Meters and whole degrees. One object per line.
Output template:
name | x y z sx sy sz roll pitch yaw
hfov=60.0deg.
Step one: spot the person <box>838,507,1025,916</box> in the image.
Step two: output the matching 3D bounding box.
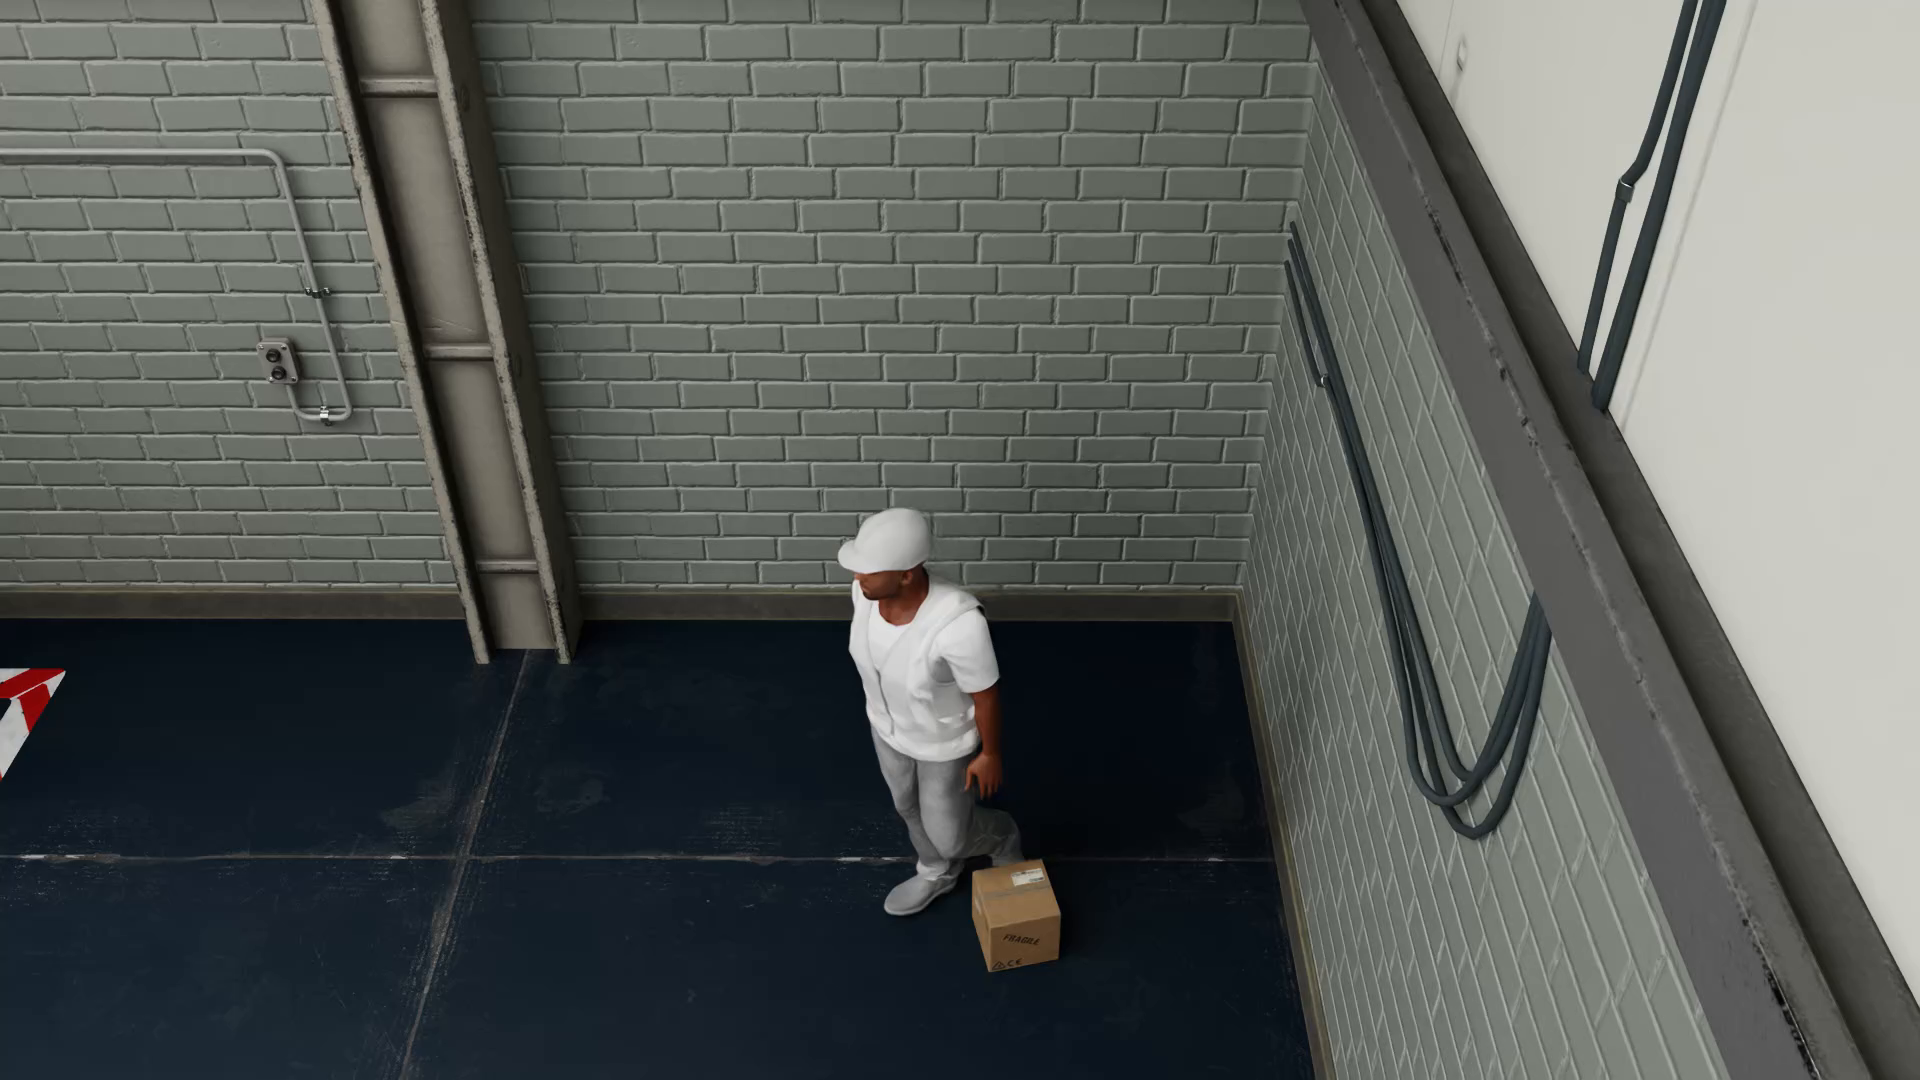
person | -0.074 0.572 5.440 0.609 1.759 0.579 31 49 32

+ + + + +

__WHAT IS NEEDED__
The material above must be printed exactly, with its pictures left out.

__RESPONSE TO THE EXERCISE__
Meters and whole degrees. One object per line.
Output template:
name | x y z sx sy sz roll pitch yaw
hfov=60.0deg.
Step one: spot the person <box>838,507,1025,916</box> in the image.
Step two: output the matching 3D bounding box.
person | -0.074 0.572 5.440 0.609 1.759 0.579 31 49 32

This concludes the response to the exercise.